-- Problem statement --
Find the line with "Convert formula to" in the records below. Output exactly from there until after the line with "Answer: Stark realism, moral", without pictures.

▶

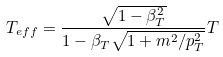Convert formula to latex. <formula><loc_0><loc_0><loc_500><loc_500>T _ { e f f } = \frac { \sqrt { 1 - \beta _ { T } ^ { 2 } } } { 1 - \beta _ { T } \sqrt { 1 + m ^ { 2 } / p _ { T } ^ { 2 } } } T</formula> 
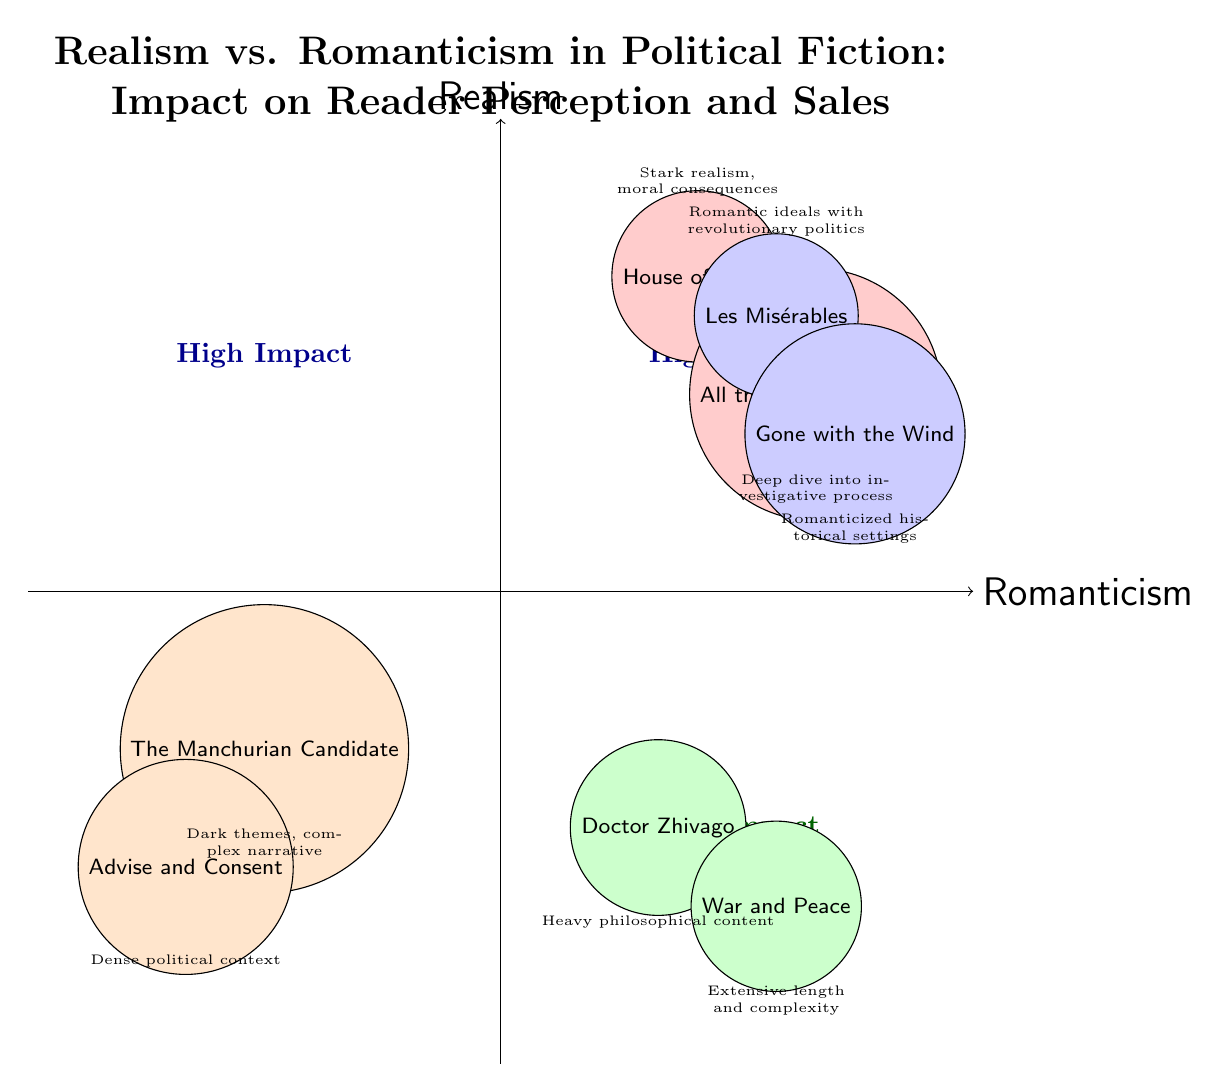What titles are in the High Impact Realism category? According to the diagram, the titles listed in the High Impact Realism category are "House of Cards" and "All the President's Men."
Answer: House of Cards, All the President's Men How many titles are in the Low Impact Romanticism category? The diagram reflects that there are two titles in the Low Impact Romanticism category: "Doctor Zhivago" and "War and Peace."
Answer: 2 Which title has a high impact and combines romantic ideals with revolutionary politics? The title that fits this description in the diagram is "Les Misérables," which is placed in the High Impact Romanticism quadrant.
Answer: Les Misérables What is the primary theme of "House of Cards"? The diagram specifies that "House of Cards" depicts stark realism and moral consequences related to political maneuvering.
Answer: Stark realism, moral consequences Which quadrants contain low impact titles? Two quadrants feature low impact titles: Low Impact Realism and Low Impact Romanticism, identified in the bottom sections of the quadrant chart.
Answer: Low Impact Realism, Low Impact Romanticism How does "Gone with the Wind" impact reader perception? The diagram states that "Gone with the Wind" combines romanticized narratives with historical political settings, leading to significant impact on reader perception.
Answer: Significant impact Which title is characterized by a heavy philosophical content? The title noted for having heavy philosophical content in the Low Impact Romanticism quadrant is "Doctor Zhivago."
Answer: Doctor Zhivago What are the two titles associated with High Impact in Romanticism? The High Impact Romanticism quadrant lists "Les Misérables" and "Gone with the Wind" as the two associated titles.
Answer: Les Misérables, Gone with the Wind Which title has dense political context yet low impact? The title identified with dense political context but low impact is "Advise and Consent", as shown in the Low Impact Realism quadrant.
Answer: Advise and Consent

◀
▶

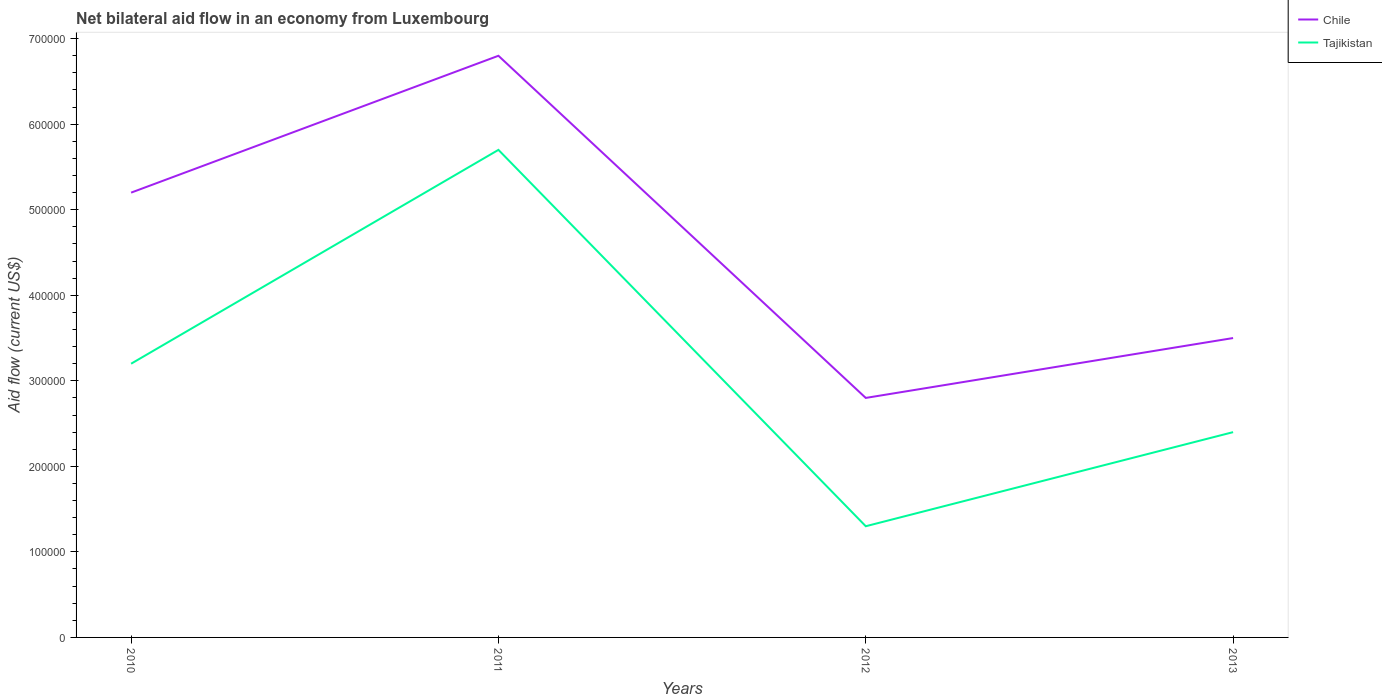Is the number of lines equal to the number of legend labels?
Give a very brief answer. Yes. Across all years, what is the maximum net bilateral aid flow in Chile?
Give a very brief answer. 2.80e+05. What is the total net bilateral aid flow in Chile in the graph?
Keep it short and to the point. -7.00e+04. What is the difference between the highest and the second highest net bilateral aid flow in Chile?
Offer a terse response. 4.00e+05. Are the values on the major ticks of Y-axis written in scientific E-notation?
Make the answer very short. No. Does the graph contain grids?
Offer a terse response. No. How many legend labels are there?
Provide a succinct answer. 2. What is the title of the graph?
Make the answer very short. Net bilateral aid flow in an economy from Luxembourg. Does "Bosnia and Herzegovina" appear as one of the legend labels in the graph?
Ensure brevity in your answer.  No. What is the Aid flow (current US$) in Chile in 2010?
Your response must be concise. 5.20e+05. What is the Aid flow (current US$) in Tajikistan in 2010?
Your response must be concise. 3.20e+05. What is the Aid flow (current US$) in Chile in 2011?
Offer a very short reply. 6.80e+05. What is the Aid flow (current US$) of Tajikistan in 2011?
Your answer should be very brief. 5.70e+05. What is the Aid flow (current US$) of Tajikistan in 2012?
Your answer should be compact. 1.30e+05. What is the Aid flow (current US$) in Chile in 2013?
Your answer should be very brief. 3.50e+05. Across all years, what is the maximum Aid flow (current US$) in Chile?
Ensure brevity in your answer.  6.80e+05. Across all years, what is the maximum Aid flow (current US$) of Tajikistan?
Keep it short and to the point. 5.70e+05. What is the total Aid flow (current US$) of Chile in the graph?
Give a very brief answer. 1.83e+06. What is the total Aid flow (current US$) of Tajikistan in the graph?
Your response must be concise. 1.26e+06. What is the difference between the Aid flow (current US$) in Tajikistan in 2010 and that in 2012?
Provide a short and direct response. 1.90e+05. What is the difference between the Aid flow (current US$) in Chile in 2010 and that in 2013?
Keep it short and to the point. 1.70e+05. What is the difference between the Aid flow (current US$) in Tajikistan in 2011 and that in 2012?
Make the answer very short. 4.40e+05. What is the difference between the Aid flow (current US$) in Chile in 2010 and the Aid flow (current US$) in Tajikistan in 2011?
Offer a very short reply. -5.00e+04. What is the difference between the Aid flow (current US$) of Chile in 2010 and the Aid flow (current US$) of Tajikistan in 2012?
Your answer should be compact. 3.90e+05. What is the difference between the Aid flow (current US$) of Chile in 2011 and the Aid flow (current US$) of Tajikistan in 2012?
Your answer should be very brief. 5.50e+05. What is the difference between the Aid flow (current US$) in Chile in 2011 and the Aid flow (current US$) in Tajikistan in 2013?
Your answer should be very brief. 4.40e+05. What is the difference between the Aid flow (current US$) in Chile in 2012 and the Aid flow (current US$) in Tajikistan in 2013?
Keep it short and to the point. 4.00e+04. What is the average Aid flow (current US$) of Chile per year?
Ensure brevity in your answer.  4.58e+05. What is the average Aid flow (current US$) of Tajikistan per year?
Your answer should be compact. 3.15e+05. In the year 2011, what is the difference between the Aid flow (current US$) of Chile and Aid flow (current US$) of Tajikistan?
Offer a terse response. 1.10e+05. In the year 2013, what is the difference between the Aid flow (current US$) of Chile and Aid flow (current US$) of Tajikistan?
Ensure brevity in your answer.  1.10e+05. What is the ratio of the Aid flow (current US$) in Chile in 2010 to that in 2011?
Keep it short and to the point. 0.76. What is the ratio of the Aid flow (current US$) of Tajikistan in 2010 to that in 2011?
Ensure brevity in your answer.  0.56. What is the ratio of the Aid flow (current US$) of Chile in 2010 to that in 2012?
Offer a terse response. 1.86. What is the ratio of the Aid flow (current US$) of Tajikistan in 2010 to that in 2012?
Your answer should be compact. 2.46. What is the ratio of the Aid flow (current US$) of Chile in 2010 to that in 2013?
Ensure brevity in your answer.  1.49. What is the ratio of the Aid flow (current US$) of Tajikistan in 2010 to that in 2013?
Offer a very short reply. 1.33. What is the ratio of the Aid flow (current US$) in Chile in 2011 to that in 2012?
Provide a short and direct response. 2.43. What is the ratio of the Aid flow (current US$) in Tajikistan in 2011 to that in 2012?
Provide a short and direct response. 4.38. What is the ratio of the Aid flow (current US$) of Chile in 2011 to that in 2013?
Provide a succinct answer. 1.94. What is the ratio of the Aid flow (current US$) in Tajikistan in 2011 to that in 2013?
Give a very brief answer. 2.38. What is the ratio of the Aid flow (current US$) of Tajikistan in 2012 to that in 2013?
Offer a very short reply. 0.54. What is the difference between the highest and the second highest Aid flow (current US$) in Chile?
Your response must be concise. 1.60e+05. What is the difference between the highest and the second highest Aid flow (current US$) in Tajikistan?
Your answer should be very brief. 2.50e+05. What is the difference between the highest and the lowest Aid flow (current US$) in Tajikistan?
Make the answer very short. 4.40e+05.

◀

-- Exercise answer --
Convert formula to latex. <formula><loc_0><loc_0><loc_500><loc_500>T _ { e f f } = \frac { \sqrt { 1 - \beta _ { T } ^ { 2 } } } { 1 - \beta _ { T } \sqrt { 1 + m ^ { 2 } / p _ { T } ^ { 2 } } } T</formula> 
What titles are in the High Impact Realism category? According to the diagram, the titles listed in the High Impact Realism category are "House of Cards" and "All the President's Men."
Answer: House of Cards, All the President's Men How many titles are in the Low Impact Romanticism category? The diagram reflects that there are two titles in the Low Impact Romanticism category: "Doctor Zhivago" and "War and Peace."
Answer: 2 Which title has a high impact and combines romantic ideals with revolutionary politics? The title that fits this description in the diagram is "Les Misérables," which is placed in the High Impact Romanticism quadrant.
Answer: Les Misérables What is the primary theme of "House of Cards"? The diagram specifies that "House of Cards" depicts stark realism and moral consequences related to political maneuvering.
Answer: Stark realism, moral consequences Which quadrants contain low impact titles? Two quadrants feature low impact titles: Low Impact Realism and Low Impact Romanticism, identified in the bottom sections of the quadrant chart.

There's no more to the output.